I didn’t come up with this. I was shown how to do this by an esteemed college at work. I only tested this on Linux.
Introduction
Most (if not all) productive systems doing anything important will use more than 1 java thread. And when something goes crazy and your cpu usage is on 100%, it is hard to identify which thread(s) is/are causing this. Or so I thought. Until someone smarter than me showed me how it can be done. And here I will show you how to do it and you too can amaze your family and friends with your mad geek skillz.
A Test application
I have created a test application that you can also download/git-clone here:
https://github.com/srasul/java-thread-cpu
The test consists of several classes that include a thread that intentionally does a lot of work (aka uses cpu) and another threat that intentionally does very little. And ofcourse a main class that that runs it all. This application is to simulate a real-world application.
HeavyThread
This is the class that does some "heavy" work:
import java.security.MessageDigest;
import java.security.NoSuchAlgorithmException;
import java.util.UUID;
/**
* thread that does some heavy lifting
*
* @author srasul
*
*/
public class HeavyThread implements Runnable {
private long length;
public HeavyThread(long length) {
this.length = length;
new Thread(this).start();
}
@Override
public void run() {
while (true) {
String data = "";
// make some shit up
for (int i = 0; i < length; i++) {
data += UUID.randomUUID().toString();
}
MessageDigest digest;
try {
digest = MessageDigest.getInstance("MD5");
} catch (NoSuchAlgorithmException e) {
throw new RuntimeException(e);
}
// hash that shit
digest.update(data.getBytes());
}
}
}
LightThread
This is the class that does some "light" work. We do this so that we can differentiate threads within a running a jvm
import java.util.Random;
/**
* thread that does little work. just count & sleep
*
* @author srasul
*/
public class LightThread implements Runnable {
public LightThread() {
new Thread(this).start();
}
@Override
public void run() {
while (true) {
try {
Thread.sleep(new Random().nextInt(10));
} catch (InterruptedException e) {
e.printStackTrace();
}
}
}
}
StartThreads
This class starts the 1 heavy thread and 3 light threads and also prints out the PID of the currently running JVM
/**
* Hello world!
*/
public class StartThreads {
public static void main(String[] args) {
// lets start 1 heavy ...
new HeavyThread(1000);
System.out.println("started HeavyThread");
// ... and 3 light threads
new LightThread();
new LightThread();
new LightThread();
System.out.println("started 3 LightThread");
System.out.println("Current Java Process PID: " + ProcessHandle.current().pid());
}
}
Running this app
To run this, we can use the following maven command:
❯ mvn compile exec:java -Dexec.mainClass="StartThreads"
And Finally...
We now come to the point to identify the actual thread
First of all, notice that PID of the java process as printed by the StartThread class and the PID of the process in top that is using the most CPU:
Notice that our sample java application is indeed using up 100% of the CPU.

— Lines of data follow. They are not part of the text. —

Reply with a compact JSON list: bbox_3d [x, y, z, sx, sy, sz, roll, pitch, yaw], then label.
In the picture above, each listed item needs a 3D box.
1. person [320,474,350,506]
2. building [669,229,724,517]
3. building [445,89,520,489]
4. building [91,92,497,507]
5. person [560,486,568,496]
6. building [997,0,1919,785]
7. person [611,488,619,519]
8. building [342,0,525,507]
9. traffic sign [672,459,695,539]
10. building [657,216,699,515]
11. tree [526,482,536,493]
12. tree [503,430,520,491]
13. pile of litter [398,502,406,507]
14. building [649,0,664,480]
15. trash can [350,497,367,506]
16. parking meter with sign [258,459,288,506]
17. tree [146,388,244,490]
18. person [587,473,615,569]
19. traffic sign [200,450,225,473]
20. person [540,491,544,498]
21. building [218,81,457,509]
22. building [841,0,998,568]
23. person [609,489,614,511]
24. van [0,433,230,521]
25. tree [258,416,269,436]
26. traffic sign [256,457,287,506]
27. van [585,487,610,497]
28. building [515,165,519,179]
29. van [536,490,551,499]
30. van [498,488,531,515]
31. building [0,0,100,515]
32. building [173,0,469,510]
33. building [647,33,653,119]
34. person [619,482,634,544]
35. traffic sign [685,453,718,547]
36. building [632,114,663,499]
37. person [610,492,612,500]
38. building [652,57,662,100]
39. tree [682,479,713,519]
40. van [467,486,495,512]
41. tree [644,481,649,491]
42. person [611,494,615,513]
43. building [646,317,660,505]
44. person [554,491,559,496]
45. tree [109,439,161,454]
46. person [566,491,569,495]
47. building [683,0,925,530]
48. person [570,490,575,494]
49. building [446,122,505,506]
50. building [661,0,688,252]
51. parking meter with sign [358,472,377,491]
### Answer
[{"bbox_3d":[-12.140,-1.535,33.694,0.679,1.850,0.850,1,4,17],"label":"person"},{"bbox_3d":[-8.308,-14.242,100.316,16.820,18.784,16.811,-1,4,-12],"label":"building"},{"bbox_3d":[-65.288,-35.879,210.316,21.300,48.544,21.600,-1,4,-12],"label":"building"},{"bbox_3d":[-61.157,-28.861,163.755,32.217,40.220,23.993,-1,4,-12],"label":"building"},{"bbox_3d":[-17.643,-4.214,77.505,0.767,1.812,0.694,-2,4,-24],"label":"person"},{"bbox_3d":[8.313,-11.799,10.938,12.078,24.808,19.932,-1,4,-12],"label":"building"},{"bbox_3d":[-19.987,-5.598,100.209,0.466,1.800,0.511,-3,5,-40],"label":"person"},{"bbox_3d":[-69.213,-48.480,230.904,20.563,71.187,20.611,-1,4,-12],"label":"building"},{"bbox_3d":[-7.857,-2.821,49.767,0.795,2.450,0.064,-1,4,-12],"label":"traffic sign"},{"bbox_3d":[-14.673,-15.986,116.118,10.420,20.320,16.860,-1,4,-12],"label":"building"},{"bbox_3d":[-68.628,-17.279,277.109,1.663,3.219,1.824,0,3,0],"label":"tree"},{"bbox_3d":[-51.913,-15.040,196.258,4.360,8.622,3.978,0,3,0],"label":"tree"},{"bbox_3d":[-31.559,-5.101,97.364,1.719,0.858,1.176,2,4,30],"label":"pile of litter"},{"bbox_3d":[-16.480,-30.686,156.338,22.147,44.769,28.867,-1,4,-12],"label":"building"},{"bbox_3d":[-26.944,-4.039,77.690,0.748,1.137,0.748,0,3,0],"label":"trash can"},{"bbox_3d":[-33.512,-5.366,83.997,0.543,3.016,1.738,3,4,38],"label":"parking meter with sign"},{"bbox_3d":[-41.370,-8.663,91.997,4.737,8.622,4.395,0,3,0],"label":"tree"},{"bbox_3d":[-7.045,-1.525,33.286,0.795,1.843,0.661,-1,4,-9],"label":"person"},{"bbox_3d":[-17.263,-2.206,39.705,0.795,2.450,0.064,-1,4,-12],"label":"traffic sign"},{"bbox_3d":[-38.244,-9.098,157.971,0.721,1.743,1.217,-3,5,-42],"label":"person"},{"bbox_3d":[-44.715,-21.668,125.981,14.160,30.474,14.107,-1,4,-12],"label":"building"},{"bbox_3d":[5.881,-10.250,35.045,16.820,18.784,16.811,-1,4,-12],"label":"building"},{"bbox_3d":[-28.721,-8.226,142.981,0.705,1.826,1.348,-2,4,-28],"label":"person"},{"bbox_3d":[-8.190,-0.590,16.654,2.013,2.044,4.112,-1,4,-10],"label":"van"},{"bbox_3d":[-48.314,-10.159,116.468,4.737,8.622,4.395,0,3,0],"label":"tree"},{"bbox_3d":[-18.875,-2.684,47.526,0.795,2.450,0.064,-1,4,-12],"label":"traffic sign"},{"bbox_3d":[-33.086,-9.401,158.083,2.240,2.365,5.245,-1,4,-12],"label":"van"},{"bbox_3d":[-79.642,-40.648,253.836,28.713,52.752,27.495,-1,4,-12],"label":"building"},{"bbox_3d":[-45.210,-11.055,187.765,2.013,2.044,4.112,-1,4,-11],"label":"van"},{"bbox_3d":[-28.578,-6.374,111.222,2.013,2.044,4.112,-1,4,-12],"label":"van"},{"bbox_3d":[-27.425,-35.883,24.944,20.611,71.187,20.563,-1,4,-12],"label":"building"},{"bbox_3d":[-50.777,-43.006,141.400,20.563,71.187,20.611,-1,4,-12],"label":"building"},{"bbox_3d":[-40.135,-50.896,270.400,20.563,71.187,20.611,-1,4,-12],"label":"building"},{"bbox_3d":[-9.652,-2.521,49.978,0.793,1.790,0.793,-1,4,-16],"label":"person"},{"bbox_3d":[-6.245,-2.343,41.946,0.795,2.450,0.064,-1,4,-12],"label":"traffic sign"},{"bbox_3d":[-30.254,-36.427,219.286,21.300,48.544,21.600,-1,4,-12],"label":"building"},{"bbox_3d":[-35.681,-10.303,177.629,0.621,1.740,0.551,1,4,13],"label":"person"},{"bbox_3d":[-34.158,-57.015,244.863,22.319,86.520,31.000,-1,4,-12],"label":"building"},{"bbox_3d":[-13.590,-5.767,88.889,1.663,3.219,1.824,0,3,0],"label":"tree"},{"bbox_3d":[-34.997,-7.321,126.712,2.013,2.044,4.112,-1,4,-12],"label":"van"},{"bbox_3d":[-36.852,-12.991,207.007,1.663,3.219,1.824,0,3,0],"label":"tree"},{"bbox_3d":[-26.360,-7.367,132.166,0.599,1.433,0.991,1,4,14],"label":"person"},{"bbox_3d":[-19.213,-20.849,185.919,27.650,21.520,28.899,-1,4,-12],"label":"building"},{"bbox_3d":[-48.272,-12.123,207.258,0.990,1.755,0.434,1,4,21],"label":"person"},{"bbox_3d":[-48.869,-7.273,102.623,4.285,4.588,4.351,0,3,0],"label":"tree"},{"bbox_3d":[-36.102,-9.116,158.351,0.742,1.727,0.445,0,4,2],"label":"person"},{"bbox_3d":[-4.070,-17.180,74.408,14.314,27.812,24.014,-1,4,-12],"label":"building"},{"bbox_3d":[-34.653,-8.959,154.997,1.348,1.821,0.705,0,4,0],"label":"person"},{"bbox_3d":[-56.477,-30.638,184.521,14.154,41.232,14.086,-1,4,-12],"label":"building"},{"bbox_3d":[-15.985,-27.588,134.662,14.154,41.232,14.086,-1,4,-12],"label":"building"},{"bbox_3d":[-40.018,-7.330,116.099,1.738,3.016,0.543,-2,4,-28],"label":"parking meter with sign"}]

On a live system, this is your starting point: top and a running jvm.
First thing we do is enable "Threads view" in top. You can do this by pressing 'H' (shift-h) in top. Here is an excerpt from the top man page:
H :Threads-mode toggle
When this toggle is On, individual threads will be
displayed for all processes in all visible task windows.
Otherwise, top displays a summation of all threads in each
process.When we press H in top for our example, we will see something like this:
Notice that the PID is now the thread ID. And in the example above it is: 21298. Let's keep a note of this.
Next, let us get a thread-dump of the running jvm. There are several ways we can do this: sending a kill -3 to the jvm process. Or using the jstack application that comes with the java sdk.
Since we know the PID of the jvm process, we will use this:
Now if we explore the output of jstack we will see our threads that are running:
Remember the top with Threads view? There we saw that the PID of the thread with the highest CPU usage was: 21298. And here can also see the that same thread and we can see from the stack trace that it is indeed the HeavyThread that is using the most CPU.
This trick also works with older jvms, but with one caveat: in the stack dump of older jvms, the thread ID is in HEX. So you will need to convert from hex to binary in order to link the PID in top's Threads view and the thread's 'nid' in the thread dump.
TL;DR
- run top
- press H to enable Threads view
- note the PID of the thread that using up all the CPU
- get a thread dump of the running jvm process
- match the PID of the thread with the ID or nid of the thread in the dump
- nid of the thread may be in HEX, so convert it to binary if needed.